RESEARCH AND GROUNDWORK NOTES FOR CRYPTO:
He who is disciplined shall find success through consistency.
-VisionPioneer
What is Bitcoin?
Bitcoin is a decentralized digital currency.
In what year was Bitcoin first introduced?
Created in January 2009
Who created Bitcoin?
Supposedly Created by Satoshi Nakamoto. Thought to be a pseudonym for either a person or group of individuals behind the creation of Bitcoin. Theories.
In 2008, Satoshi Nakamoto, published a whitepaper introducing the concept of Bitcoin and blockchain.
Nakamoto defined an electronic coin as a chain of digital signatures. Picture a scenario where each owner transfers the coin to the next owner. Accomplished through digitally signing a hash of the previous transaction and the public key of the next owner.
What is a blockchain protocol?
A combination of blockchain technology with governance, a network, and a consensus mechanism. Think of different layers. Similar to the TCP/IP protocol used on the internet.
TCP/IP
First used for bilateral messaging through email
A communications protocol that enables the exchange of information
Value captured in application layer
- Blockchain protocol
- used for bilateral transfer of value (financial transactions)

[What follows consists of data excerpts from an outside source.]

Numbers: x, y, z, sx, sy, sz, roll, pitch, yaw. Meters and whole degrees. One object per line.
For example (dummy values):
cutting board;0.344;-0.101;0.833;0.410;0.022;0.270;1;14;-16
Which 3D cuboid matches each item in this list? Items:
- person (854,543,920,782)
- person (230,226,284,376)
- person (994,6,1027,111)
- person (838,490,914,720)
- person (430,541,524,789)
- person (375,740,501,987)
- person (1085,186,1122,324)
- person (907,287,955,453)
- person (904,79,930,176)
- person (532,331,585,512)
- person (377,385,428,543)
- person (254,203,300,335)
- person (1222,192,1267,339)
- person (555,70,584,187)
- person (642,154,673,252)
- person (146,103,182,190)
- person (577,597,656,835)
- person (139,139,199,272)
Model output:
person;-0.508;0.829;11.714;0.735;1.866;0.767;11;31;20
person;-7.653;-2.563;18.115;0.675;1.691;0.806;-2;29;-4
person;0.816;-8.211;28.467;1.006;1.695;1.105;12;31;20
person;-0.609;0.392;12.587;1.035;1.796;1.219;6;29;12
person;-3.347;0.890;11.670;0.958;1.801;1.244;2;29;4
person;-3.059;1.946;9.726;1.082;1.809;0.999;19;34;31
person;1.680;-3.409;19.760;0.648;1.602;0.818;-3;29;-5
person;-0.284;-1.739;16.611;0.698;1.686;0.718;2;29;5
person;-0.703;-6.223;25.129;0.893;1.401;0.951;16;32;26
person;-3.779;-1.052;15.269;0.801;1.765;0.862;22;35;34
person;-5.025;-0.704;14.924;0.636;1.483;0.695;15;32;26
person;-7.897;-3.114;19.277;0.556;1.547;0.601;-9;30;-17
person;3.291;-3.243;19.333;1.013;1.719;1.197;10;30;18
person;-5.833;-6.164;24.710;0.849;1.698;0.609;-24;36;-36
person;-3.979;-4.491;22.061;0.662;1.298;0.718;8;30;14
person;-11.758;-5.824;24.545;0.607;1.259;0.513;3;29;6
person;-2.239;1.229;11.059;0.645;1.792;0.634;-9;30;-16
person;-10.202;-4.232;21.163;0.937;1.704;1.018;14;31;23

- enables the exchange of value
- value captured in protocol layer
What is meant by a decentralized currency?
Also known as peer-to-peer refers to a bank free method of transferring assets or ownership of any other commodity without needing a third party.
- Why cryptocurrencies?
- Offer anonymity through protocols
- Lower transaction fees
- Decentralized authority
- Easier and faster payments
What is cryptography?
The art of writing or solving codes.
- Blockchain Facts
- No physical coins
- Balances kept on ledgers that are encrypted.
- Transactions are verified through a process called mining.

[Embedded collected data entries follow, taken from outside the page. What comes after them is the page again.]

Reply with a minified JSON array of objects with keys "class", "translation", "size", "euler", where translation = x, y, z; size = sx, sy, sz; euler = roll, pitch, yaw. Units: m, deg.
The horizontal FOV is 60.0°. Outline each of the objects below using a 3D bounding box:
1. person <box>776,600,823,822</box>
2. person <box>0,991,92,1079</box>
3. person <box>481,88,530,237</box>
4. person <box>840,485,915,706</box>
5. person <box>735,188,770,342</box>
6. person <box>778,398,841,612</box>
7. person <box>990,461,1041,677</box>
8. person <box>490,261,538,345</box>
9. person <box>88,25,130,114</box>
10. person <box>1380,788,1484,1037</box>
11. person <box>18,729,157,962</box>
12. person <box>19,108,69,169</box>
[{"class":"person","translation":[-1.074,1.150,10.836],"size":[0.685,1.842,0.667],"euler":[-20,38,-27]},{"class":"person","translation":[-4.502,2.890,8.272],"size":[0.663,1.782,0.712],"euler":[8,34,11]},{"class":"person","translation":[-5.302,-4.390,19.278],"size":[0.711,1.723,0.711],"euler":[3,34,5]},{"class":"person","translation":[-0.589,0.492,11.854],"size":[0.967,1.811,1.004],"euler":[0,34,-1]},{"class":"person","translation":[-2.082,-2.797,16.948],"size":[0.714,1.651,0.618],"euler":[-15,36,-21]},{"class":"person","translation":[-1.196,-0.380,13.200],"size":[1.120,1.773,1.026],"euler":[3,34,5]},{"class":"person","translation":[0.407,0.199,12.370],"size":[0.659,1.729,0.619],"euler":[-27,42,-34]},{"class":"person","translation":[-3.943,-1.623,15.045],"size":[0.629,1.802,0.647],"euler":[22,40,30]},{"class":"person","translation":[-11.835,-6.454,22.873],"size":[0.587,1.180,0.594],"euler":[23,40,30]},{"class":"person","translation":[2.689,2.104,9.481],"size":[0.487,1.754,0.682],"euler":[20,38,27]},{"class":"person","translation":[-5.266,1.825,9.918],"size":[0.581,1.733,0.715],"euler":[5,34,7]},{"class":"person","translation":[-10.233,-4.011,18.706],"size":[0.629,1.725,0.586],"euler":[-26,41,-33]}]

- Bitcoins popularity has caused the launch of hundreds of different cryptocurrencies known as altcoins. Bitcoin is the worlds largest cryptocurrency by market capitalization.

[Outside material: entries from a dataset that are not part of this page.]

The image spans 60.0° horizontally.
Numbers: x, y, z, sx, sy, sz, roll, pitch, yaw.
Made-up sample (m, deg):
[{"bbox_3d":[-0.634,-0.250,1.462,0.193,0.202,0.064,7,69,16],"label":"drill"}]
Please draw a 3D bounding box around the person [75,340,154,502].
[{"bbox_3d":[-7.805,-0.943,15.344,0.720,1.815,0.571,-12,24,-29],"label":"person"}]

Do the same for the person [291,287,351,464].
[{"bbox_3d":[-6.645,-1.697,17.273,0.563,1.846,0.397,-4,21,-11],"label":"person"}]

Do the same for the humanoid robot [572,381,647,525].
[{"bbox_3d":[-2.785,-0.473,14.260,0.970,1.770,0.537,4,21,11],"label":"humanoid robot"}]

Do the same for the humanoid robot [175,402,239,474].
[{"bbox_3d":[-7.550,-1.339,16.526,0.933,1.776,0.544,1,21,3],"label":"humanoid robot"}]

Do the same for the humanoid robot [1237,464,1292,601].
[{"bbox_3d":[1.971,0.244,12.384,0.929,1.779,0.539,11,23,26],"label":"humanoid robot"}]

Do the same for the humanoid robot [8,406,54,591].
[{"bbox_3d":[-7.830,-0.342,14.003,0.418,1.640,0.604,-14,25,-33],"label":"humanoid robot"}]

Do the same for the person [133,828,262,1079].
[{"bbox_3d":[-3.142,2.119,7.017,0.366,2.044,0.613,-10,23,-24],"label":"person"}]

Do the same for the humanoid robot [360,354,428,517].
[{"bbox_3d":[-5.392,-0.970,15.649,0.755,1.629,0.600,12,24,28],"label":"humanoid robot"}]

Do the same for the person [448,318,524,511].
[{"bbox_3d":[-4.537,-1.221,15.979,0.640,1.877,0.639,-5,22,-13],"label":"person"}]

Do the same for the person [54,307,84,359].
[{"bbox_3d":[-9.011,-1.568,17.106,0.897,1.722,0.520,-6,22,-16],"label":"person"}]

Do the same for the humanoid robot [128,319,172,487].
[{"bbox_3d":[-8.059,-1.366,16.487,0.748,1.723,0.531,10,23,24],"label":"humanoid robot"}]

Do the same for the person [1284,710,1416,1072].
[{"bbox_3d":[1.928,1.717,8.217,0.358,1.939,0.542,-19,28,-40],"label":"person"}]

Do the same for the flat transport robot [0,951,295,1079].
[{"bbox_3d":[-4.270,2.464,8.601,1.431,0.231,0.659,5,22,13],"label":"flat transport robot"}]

- There are only 21 million bitcoins in existence.
- More than 18 million bitcoins have been mined.
- All bitcoins should be mined by 2140.
- What is a blockchain?
- A decentralized ledger system, a database.
- Supports secure peer to peer transactions.
- No need for third parties to verify.
- It is made up of a collection of blocks on a computer network.
- Each block houses a collection of transactions.
- Cryptocurrency systems are made up of a collection of computers.
- These collection of computers are referred to as nodes or miners.
Blockchain, as a database, stores information electronically in digital format.
.
A System that can verify and secure records of data without the need of1 a third party.
Think of a blockchain as a literally a chain of blocks being filled with transactions until they are filled. At which point they are set in stone and becomes a part of the chain while new blocks are introduced.
Each block in the chain is given an exact time stamp when it is mined.
How does Blockchain work?
Transaction – party A would like to transfer ownership of an asset to part B.
Block – all pending transactions are grouped into a block.
Verification – miners on the chain in the network must come to a computational consensus, in which a majority of the miners agree that the code is accurate and verified.
Hash – a unique cryptographic mark that is assigned to a completed block that becomes time-stamped. Each new block has a hash created based off of the prior block. This creates a chain and removes any chance of manipulation.
Execution – finally, the asset from Party A is moved to party B.
Alright, so that was a good bit of information. Let’s take a quick break and complete this crossword puzzle.
{Timeline}
The history of Blockchain
(1979-2007)
Who is Ralph Merkle?
The Merkle Tree
Is a data structure that is used in computer applications. In reference to cryptocurrencies, the Merkle Tree encodes blockchain data more efficiently and securely. Named after computer scientist Ralph Merkle.
What is tree authentication?
Merkle described an approach to public key distribution and digital signatures called tree authentication. This idea was first introduced in Merkle’s 1979 Ph.D. thesis for Stanford University and then later patented this idea as a way for providing digital signatures.
The Merkle Tree provides a data structure for verifying individual records.
Who is David Chaum?
David Chaum described a vault system for establishing maintaining and trusting computer systems by mutually suspicious groups in his 1982 Ph.D. dissertation for the University of California, Berkeley.
Chaum is credited with inventing digital cash and in 1989 he founded the digiCash corporation.
Who is Stuart Haber and W. Scott Stornetta?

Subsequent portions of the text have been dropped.